Reporting average marginal effects of a survey-weighted logit model with R


I'm working with survey data of a complex sample to estimate binary outcome models. I am trying to report average marginal effects of a logit model, which I estimated through svyglm of the survey package in R. However, I get the following error when I use margins from the package of the same name:

margins(fit, design = lapop) %>% summary()

Error in h(simpleError(msg, call)) : error in evaluating the argument 'object' in selecting a method for function 'summary': arguments imply differing number of rows: 6068, 6054

Seems it is not the summary function, since the error pops up when executing the margins command with its arguments. I have tried to simply ignore the survey weights at all and shows me equal coefficients and AMEs but not standard errors. Obviously, I cannot present this work by ignoring the survey weights. So I guess what I really need is the standard errors.

I have been reading on the topic and have found no clear solution, I suspect it might have something to do with missing values of the X in the model, but as with any other linear model, R should be just working with complete cases.

I'm not sure if anybody knows anything about this, or if I should simply just report AMEs without standard errors (and thus without p-values). I have uploaded a MWE if anyone is interested, which can be found here.


Solution

  • I found out what was happening with this: turns out it's some kind of mistake in the package's code. You can take a look at the specifics here. The solution as of today is to install Tomasz Żółtak's forks of the prediction and margins packages until his pull requests on Github are merged.

    devtools::install_github("tzoltak/prediction")
    devtools::install_github("tzoltak/margins")
    

    This must be done after installing the devtools package if you haven't already.

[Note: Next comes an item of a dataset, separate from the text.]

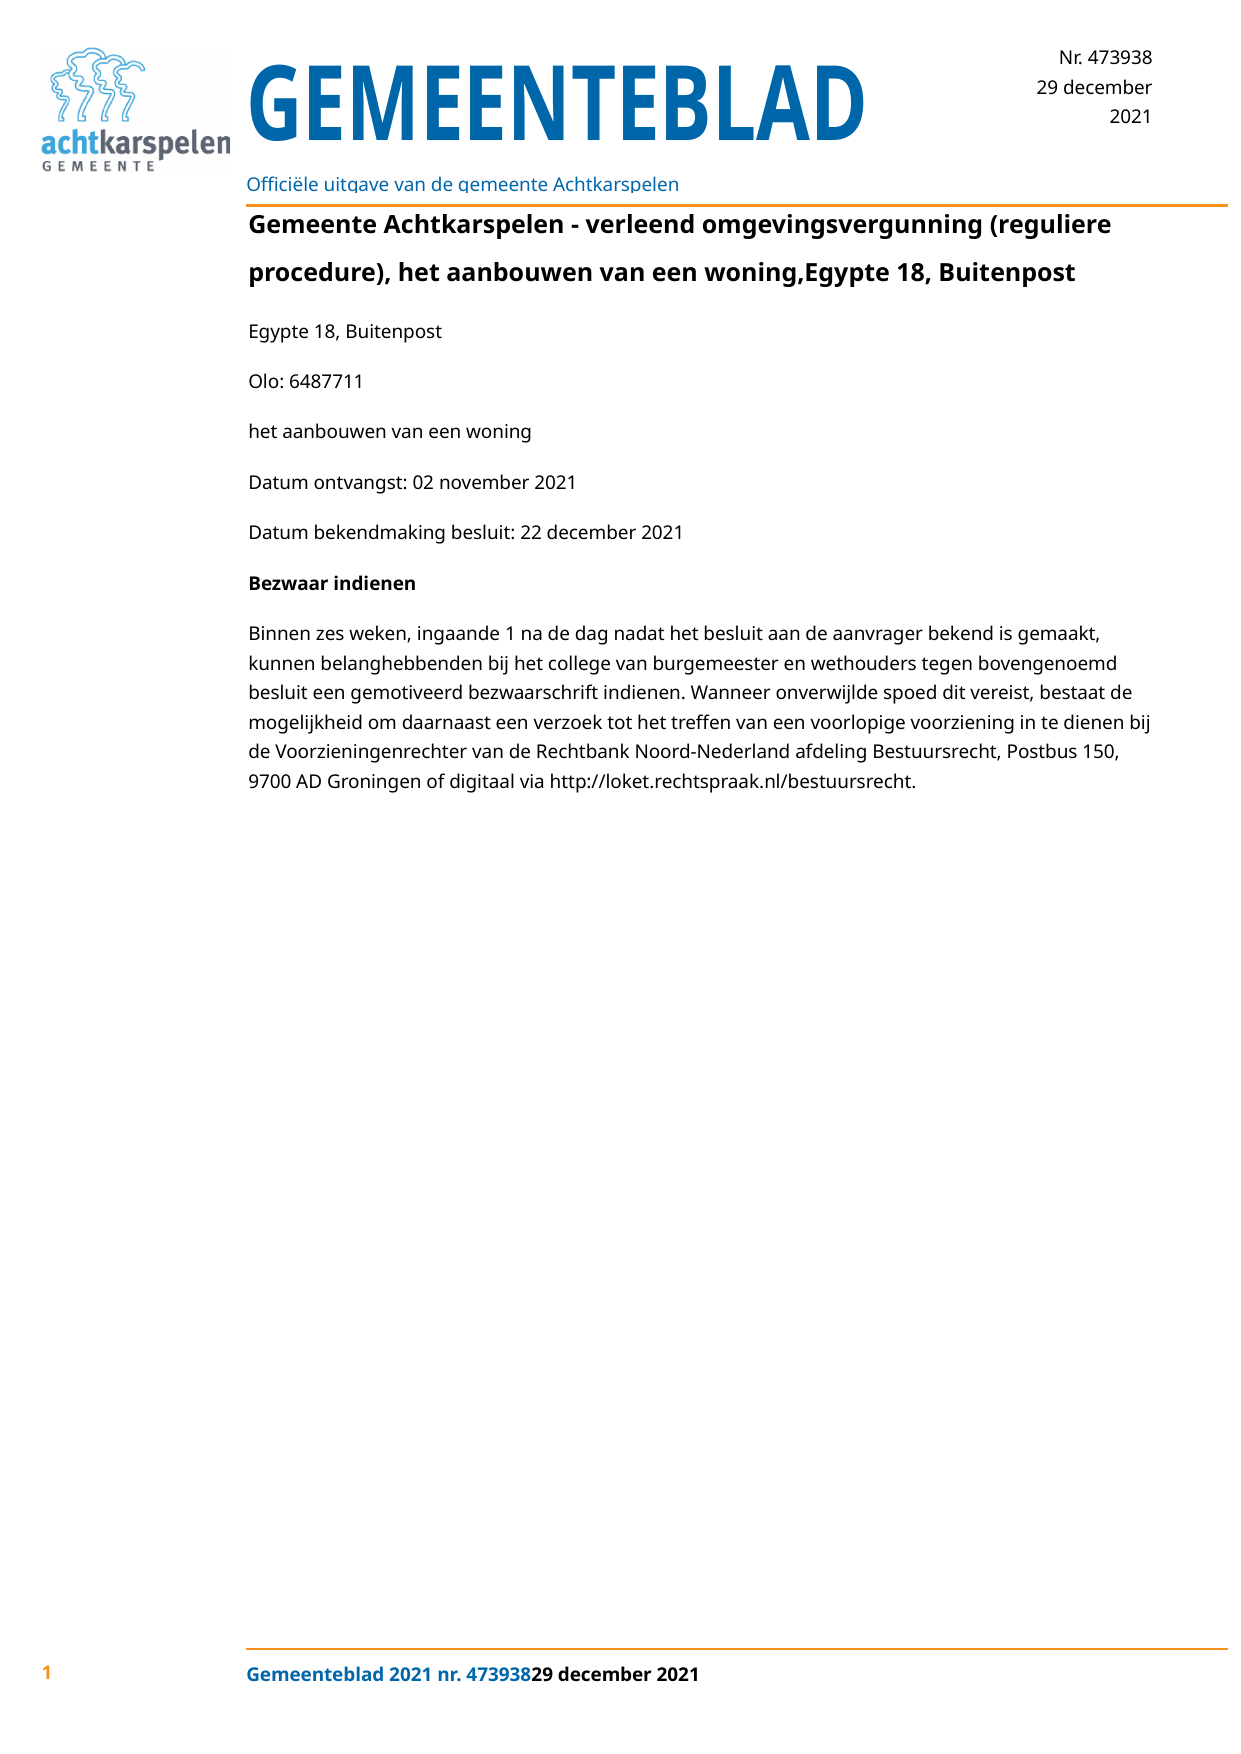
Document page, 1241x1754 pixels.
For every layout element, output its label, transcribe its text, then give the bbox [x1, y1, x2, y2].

    install.packages('devtools')
    

    After doing this, running margins() on a model should no longer produce errors if the model's dataframe has missing values on some or all of the model's covariates. Thus, it will present average partial effects with their corresponding survey-weighted standard errors. Check out a MWE here.

    Hopefully in the future calling margins directly from CRAN will be enough to not produce this error with survey-weighted models.